The only reason why you run local models is for privacy, never for cost. Or even latency.

  • websiteapi 2 days ago

    indeed - my main use case is those kind of "record everything" sort of setups. I'm not even super privacy conscious per se but it just feels too weird to send literally everything I'm saying all of the time to the cloud.

    luckily for now whisper doesn't require too much compute, bu the kind of interesting analysis I'd want would require at least a 1B parameter model, maybe 100B or 1T.

    • nottorp 2 days ago

      > t just feels too weird to send literally everything I'm saying all of the time to the cloud

      ... or your clients' codebases ...

  • andy99 2 days ago

    Autonomy generally, not just privacy. You never know what the future will bring, AI will be enshittified and so will hubs like huggingface. It’s useful to have an off grid solution that isn’t subject to VCs wanting to see their capital returned.

    • Aurornis 2 days ago

      > You never know what the future will bring, AI will be enshittified and so will hubs like huggingface.

      If anyone wants to bet that future cloud hosted AI models will get worse than they are now, I will take the opposite side of that bet.

      > It’s useful to have an off grid solution that isn’t subject to VCs wanting to see their capital returned.

      You can pay cloud providers for access to the same models that you can run locally, though. You don’t need a local setup even for this unlikely future scenario where all of the mainstream LLM providers simultaneously decided to make their LLMs poor quality and none of them sees this as market opportunity to provide good service.

      But even if we ignore all of that and assume that all of the cloud inference everywhere becomes bad at the same time at some point in the future, you would still be better off buying your own inference hardware at that point in time.

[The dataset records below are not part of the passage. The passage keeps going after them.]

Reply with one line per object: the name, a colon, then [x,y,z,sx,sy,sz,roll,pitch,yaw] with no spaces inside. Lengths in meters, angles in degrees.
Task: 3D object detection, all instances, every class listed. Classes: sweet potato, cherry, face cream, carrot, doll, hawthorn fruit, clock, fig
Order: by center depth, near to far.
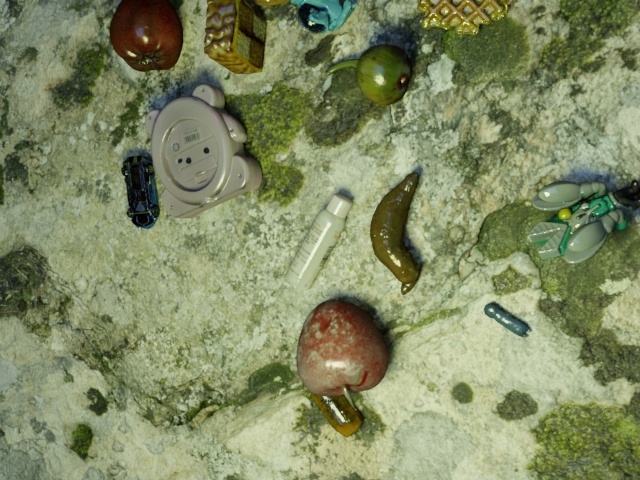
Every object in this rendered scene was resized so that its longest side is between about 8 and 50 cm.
doll: [0.586,-0.065,1.712,0.258,0.153,0.195,-49,45,-5]
doll: [0.454,0.194,1.847,0.125,0.027,0.037,34,107,14]
sweet potato: [0.186,-0.014,1.905,0.124,0.098,0.310,-2,92,2]
fig: [0.115,-0.426,1.905,0.245,0.149,0.149,24,104,39]
cherry: [0.053,0.295,1.927,0.236,0.213,0.285,-16,68,1]
face cream: [0.000,0.000,1.992,0.082,0.082,0.269,35,107,17]
carrot: [0.037,0.440,2.015,0.173,0.082,0.082,46,109,14]
hawthorn fruit: [-0.471,-0.597,2.087,0.208,0.208,0.248,-8,72,23]
clock: [-0.337,-0.245,2.099,0.295,0.113,0.322,-22,84,23]

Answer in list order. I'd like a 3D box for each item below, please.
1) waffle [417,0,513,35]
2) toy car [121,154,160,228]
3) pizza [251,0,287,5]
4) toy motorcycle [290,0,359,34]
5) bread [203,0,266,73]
waffle: [0.343,-0.612,1.814,0.238,0.059,0.243,2,98,20]
toy car: [-0.516,-0.141,2.210,0.103,0.063,0.216,-3,99,24]
pizza: [-0.128,-0.714,1.995,0.154,0.069,0.194,-7,85,23]
toy motorcycle: [-0.002,-0.633,1.899,0.123,0.182,0.272,-29,69,52]
bread: [-0.216,-0.534,1.965,0.096,0.222,0.181,5,87,19]
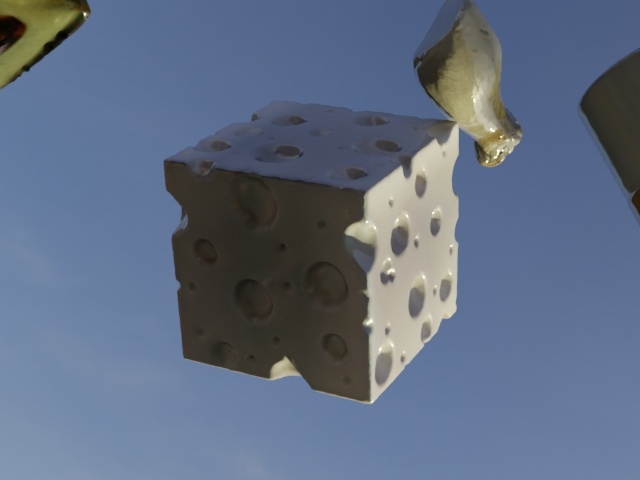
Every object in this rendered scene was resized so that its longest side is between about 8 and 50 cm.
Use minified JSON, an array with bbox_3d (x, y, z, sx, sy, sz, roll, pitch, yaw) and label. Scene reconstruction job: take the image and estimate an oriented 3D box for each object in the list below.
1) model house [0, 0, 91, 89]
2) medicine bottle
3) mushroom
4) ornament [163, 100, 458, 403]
[{"bbox_3d":[-0.341,-0.237,0.861,0.173,0.268,0.239,-45,-133,47],"label":"model house"},{"bbox_3d":[0.525,-0.152,1.576,0.232,0.238,0.238,66,-28,18],"label":"medicine bottle"},{"bbox_3d":[0.172,-0.171,1.217,0.093,0.116,0.225,-5,-45,34],"label":"mushroom"},{"bbox_3d":[0.000,0.000,1.207,0.239,0.240,0.239,9,-64,26],"label":"ornament"}]
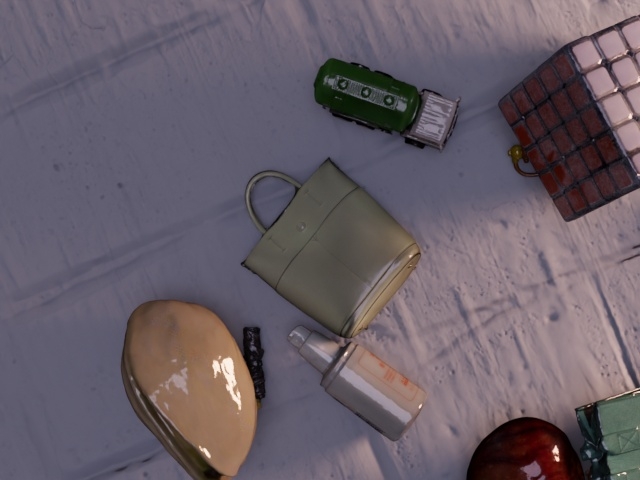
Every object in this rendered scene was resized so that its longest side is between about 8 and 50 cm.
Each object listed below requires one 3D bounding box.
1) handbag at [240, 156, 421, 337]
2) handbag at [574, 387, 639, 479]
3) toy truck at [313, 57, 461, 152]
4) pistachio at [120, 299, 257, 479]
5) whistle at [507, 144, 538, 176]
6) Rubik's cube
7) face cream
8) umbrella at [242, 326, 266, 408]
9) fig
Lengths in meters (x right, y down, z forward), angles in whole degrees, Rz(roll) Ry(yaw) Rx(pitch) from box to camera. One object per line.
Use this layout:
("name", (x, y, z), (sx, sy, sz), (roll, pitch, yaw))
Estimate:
("handbag", (0.000, 0.000, 1.654), (0.315, 0.109, 0.241), (40, 93, 16))
("handbag", (0.550, 0.359, 1.547), (0.274, 0.100, 0.269), (-13, 86, -18))
("toy truck", (0.108, -0.229, 1.601), (0.242, 0.125, 0.101), (20, 92, 3))
("pistachio", (-0.213, 0.248, 1.596), (0.207, 0.226, 0.332), (-30, 81, 24))
("whistle", (0.373, -0.145, 1.630), (0.109, 0.057, 0.046), (-11, 46, 14))
("Rubik's cube", (0.461, -0.196, 1.486), (0.236, 0.237, 0.238), (-26, 87, -20))
("face cream", (0.053, 0.226, 1.630), (0.251, 0.101, 0.101), (36, 94, 4))
("umbrella", (-0.115, 0.221, 1.675), (0.037, 0.040, 0.144), (-4, 90, -29))
("fig", (0.307, 0.397, 1.588), (0.249, 0.186, 0.204), (-16, 102, 32))

Spending the money to buy two M3 Ultras right now to prepare for an unlikely future event is illogical.

      The only reason to run local LLMs is if you have privacy requirements or you want to do it as a hobby.

      • CamperBob2 2 days ago

        If anyone wants to bet that future cloud hosted AI models will get worse than they are now, I will take the opposite side of that bet.

        OK. How do we set up this wager?

        I'm not knowledgeable about online gambling or prediction markets, but further enshittification seems like the world's safest bet.

    • chrsw 2 days ago

      Yes, I agree. And you can add security to that too.

alwillis 2 days ago

Hopefully the next time it’s updated, it should ship with some variant of the M5.

amelius 2 days ago

Maybe wait until RAM prices have normalized again.

segmondy 2 days ago

This is a weird line of thinking. Here's a question. If you buy one of these and figure out how to use it to make $100k in 3 months, would that be good? When you run a local model, you shouldn't compare it to to cost of using an API. The value lies in how you use it. Let's forget bout making money. Let's just say you have weird fetish and like to have dirty sexy conversation with your LLM. How much would you pay for your data not to be leaked and for the world to see your chat? Perhaps having your own private LLM makes it all worth it. If you have nothing special going then by all means use APIs, but if you feel/know your input it special, then yeah, go private.